If there’s any area of change in my life, this is probably the biggest and also the most subtle – becoming a solo householder. I have never been on my own in a place I’ve been responsible for before – well, not for longer than a week and a half.
What does that mean?
For starters, that means making sure the obvious things, like cleaning, dusting, vacuuming, mowing and the like are done. Hell, much as I think I did a better job than many, I have no doubt Vickie was right when she told me I thought that we had a cleaning fairy here. it’s only now that I’m really starting to appreciate the hard yards she put in maintaining our place.
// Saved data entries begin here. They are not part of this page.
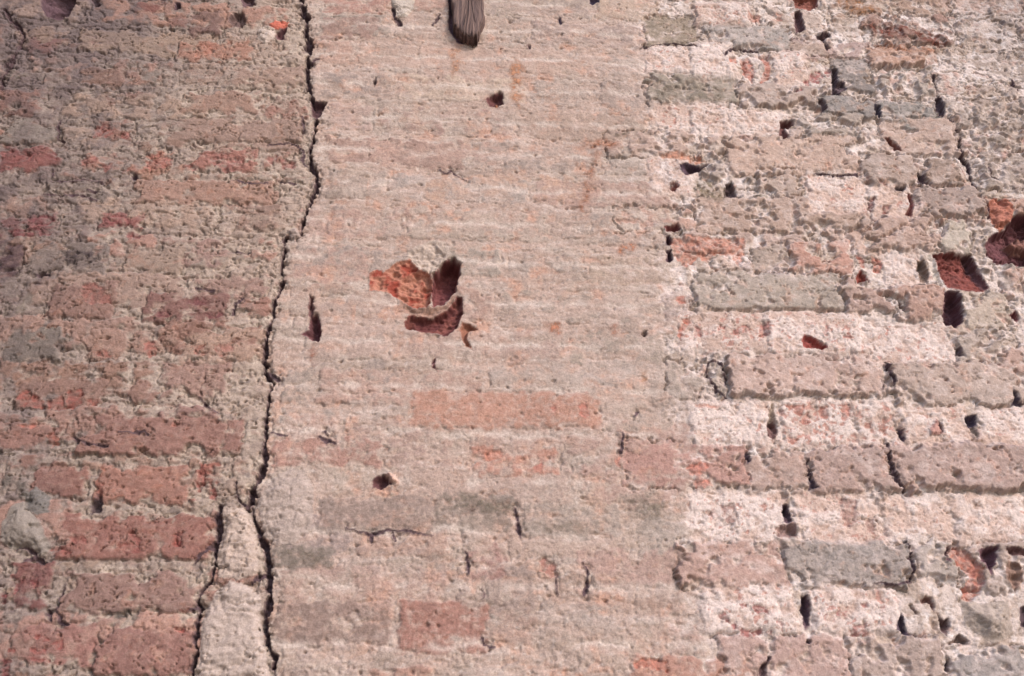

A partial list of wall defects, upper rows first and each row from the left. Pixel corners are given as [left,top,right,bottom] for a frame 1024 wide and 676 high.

spalling [484,90,505,109]
spalling [925,197,1024,294]
spalling [368,240,480,350]
crack [184,0,327,676]
spalling [371,472,400,490]
crack [344,523,435,546]
spalling [948,544,987,601]
spalling [1005,544,1024,557]
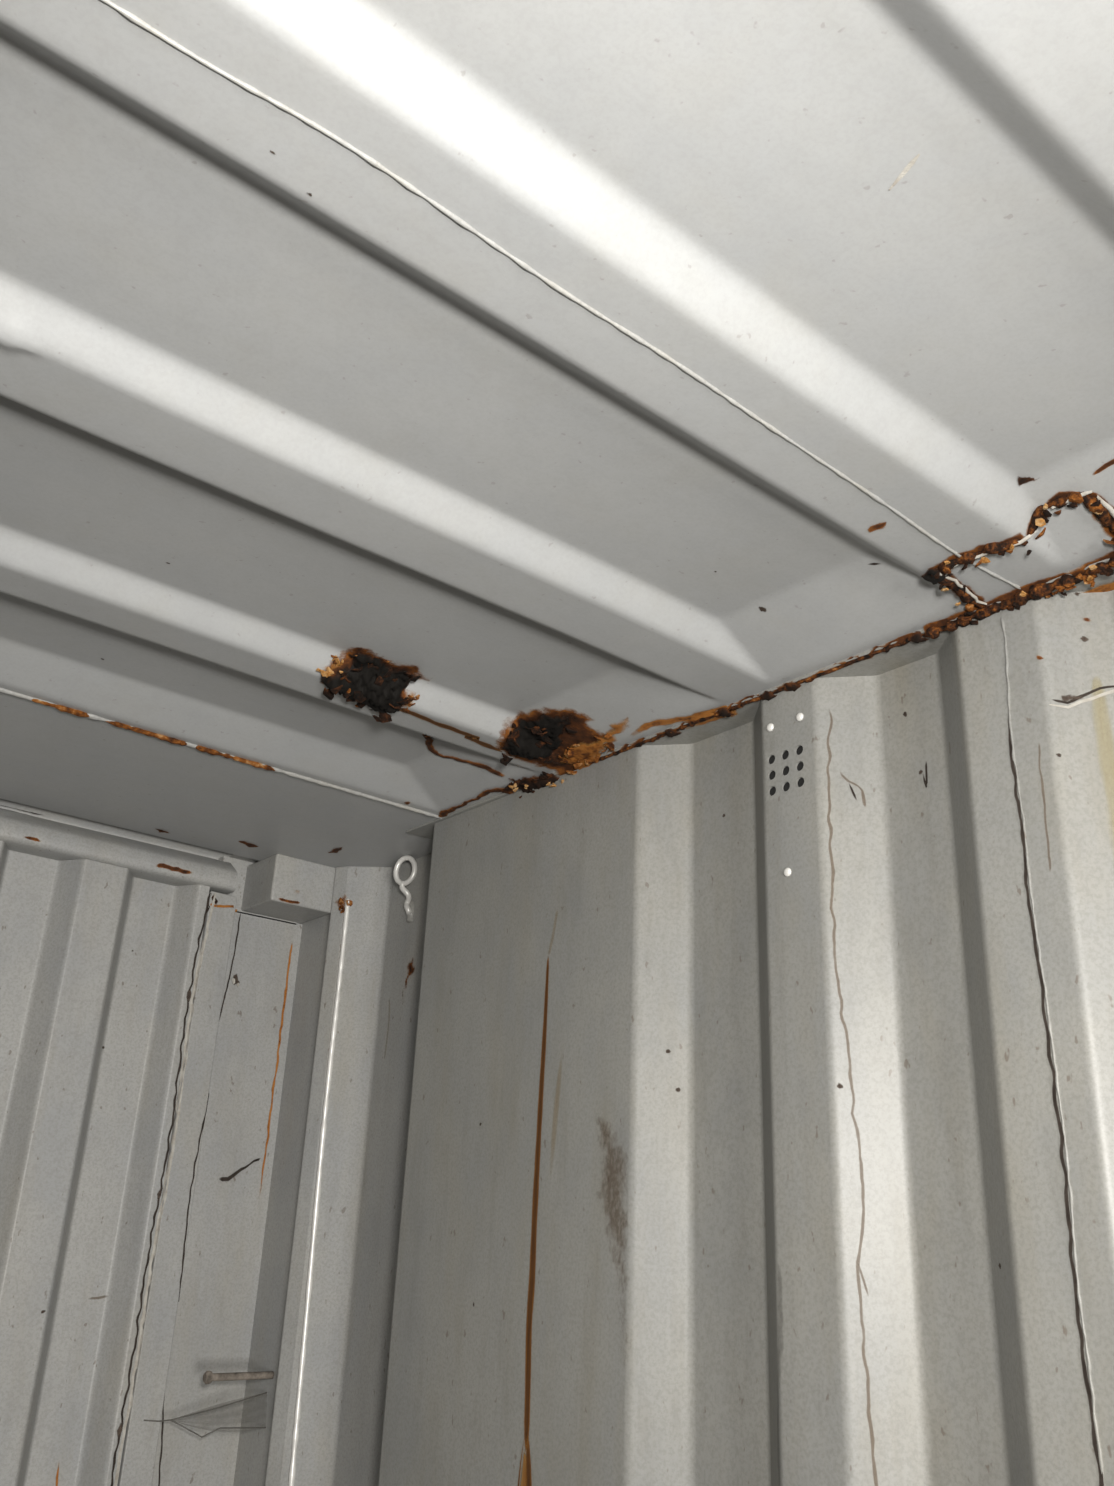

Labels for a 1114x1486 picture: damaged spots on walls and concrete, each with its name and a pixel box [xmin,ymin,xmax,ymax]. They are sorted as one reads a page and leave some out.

rust [316,459,1114,817]
rust [518,957,549,1486]
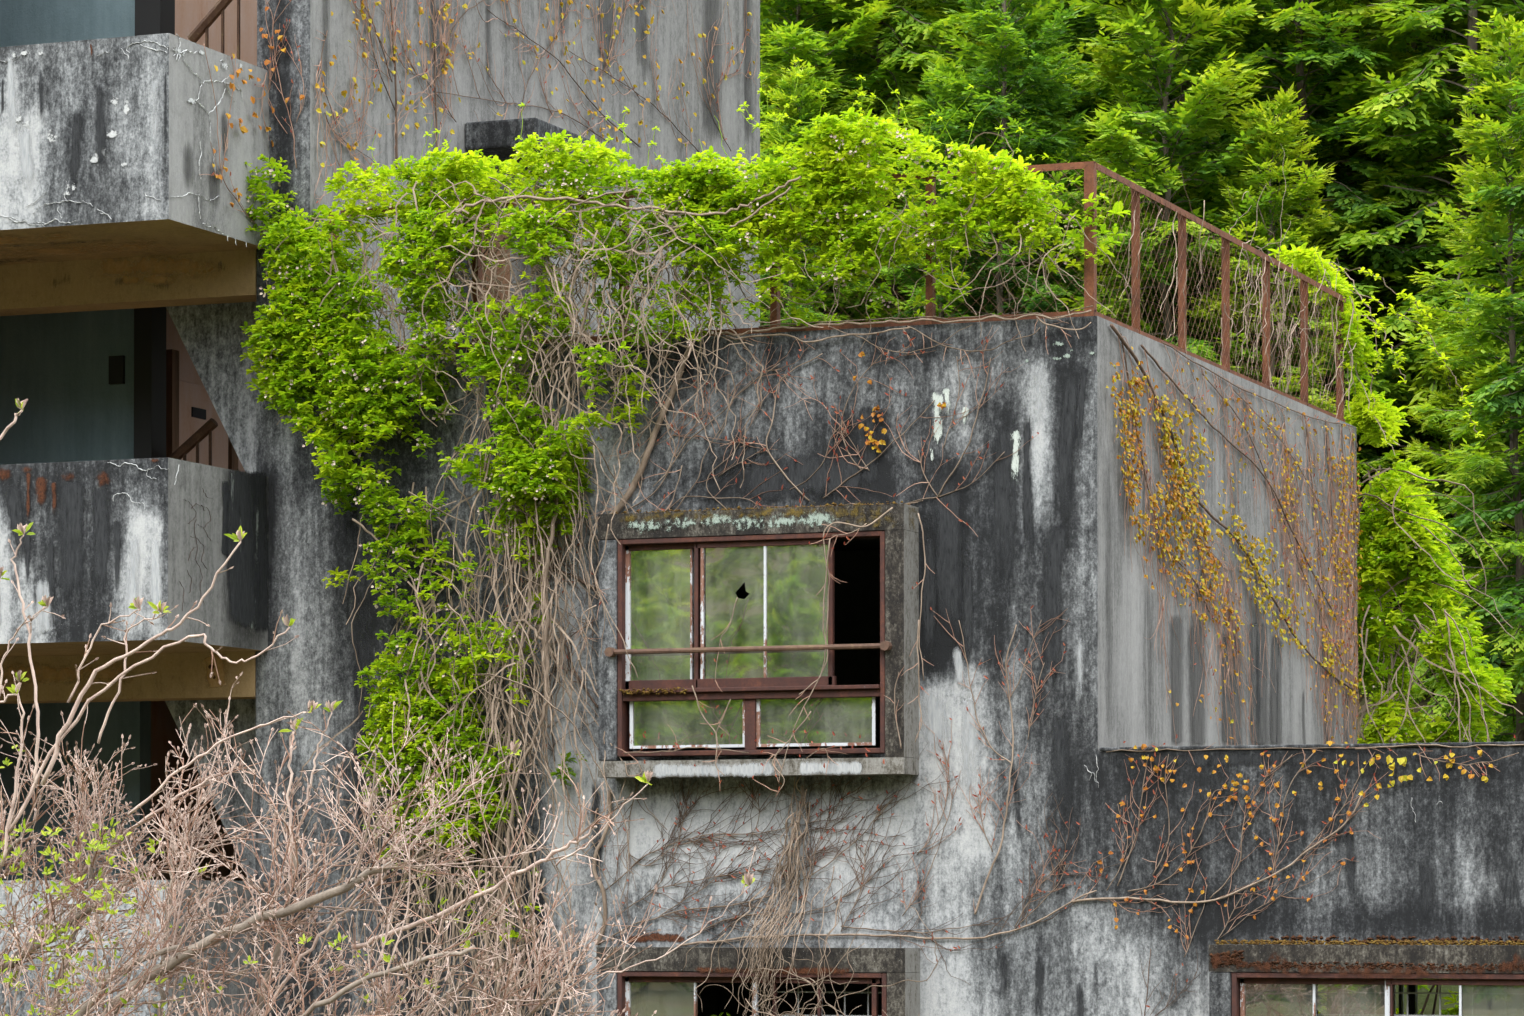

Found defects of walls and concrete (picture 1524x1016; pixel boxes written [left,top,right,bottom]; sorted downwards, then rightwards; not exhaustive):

damp [70,87,106,187]
damp [707,407,879,503]
damp [2,482,162,631]
damp [222,469,274,631]
damp [922,388,980,787]
damp [991,366,1087,691]
damp [654,762,774,777]
damp [800,761,862,774]
damp [1011,765,1021,836]
damp [1111,617,1429,794]
damp [284,870,318,1016]
damp [1035,959,1044,1015]
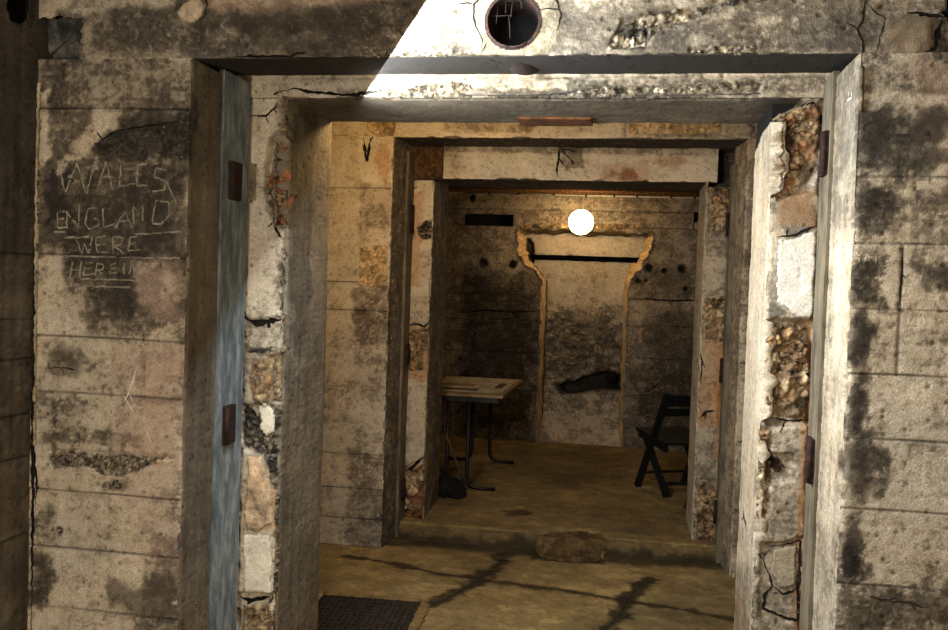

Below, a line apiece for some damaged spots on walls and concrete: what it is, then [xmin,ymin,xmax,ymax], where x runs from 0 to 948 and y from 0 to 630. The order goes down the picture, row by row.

crack [459,0,486,53]
crack [540,0,562,30]
spalling [606,0,749,50]
crack [846,0,945,53]
crack [252,88,394,124]
spalling [755,104,822,201]
spalling [516,221,654,447]
spalling [764,320,812,420]
crack [30,203,74,630]
spalling [48,449,176,491]
spalling [752,424,784,527]
crack [757,540,802,622]
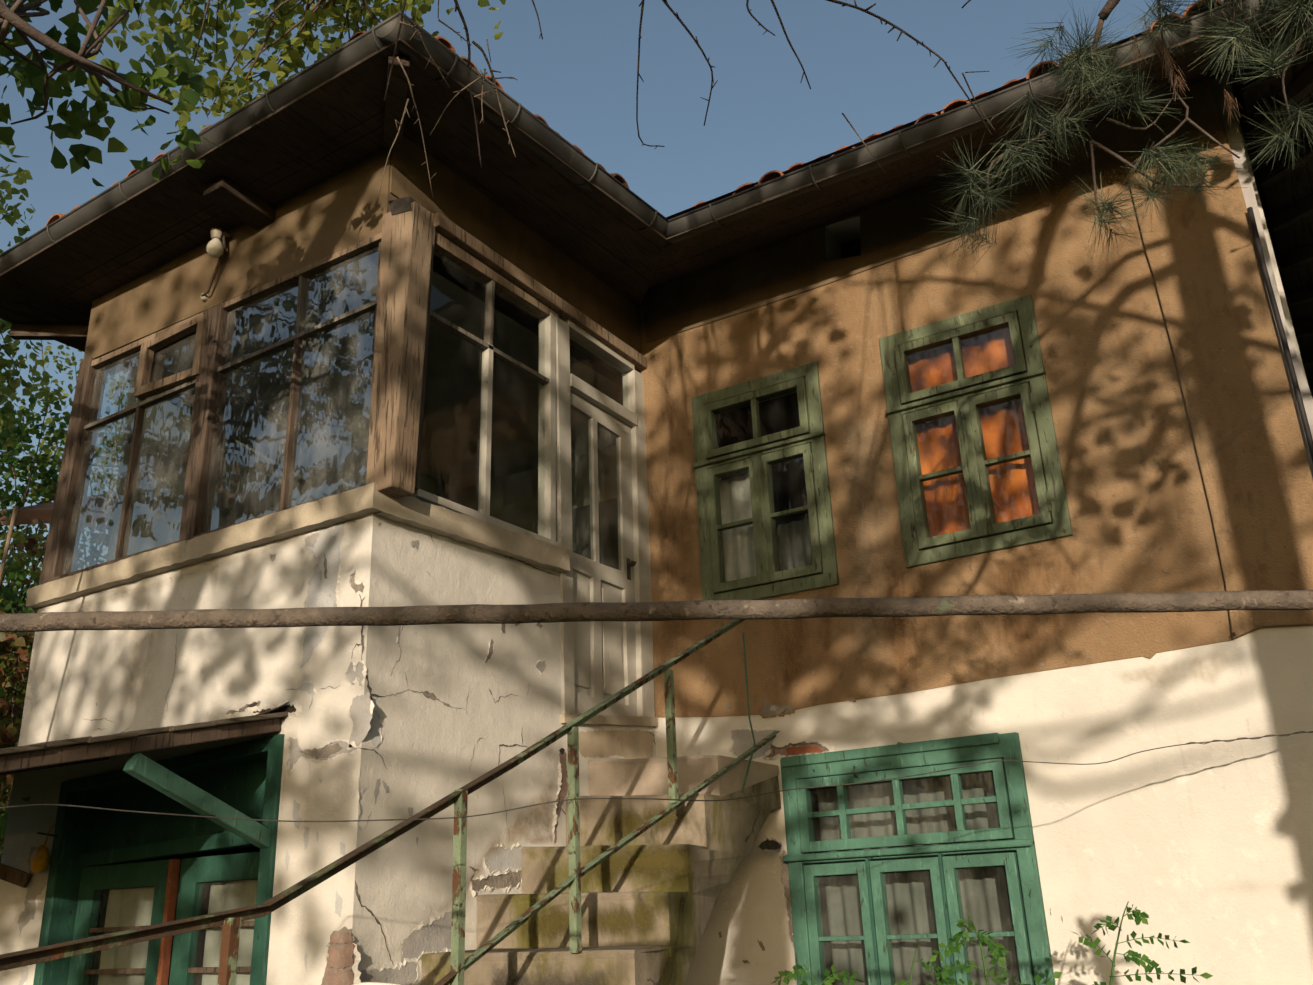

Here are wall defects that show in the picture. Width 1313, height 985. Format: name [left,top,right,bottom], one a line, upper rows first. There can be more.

peeling [303,523,364,608]
peeling [224,626,328,719]
flaking render [286,660,382,783]
crack [286,594,529,837]
flaking render [729,698,834,762]
peeling [469,842,524,898]
crack [355,881,393,963]
flaking render [321,891,452,985]

Then, there’s the stuff like fixing things:
- The whipper-snipper needs a new primer pump bulb installed.
- There’s a big gum tree in the backyard that is so tall that it’s going to damage someone’s house, whether mine (still seems odd thinking of our place like that) or a neighbour’s.
- The entertainment area roof needs repair where it’s rusting through, likely even replacing its roof so it drains the right way.
- The front deck needs a sand down and oiling, as well as a new bottom step. (Heck; maybe it even needs ripping out and replacing.
- The shower cubicle needs re-grouting around its tiles.
- Plus, there’s the odd spot on the walls that needs filling and repainting.
On top of those, there’s all the paperwork that needs re-sorting and filing properly.
Finally, all the bits and pieces we – I – no longer need. I still need to get the help of a friend who’s promised to take Vickie’s clothes to a local women’s shelter. I’ll have to borrow Karl’s trailer to get a couple of furniture bits and pieces out of the garage and to the tip.
Speaking of Karl, I have to give some massive thanks to my stepson Karl and his boys for putting a shit-ton of work into this place over the years. He did most of the work in putting two new interior walls up. He dug the sewerage pipe that runs along the side of the house out years ago when it got blocked by roots. the five tractor tyre vege beds down the back are thanks to him. Most recently, he’s cur down and taken away lots of excess foliage in our back yard.
And I also have to give massive thanks to my next door neighbour, Mick, who has also been instrumental in getting some foliage down, and will be helping us take the massive gum tree in our back yard down before it falls on someone’s house during the next big blow.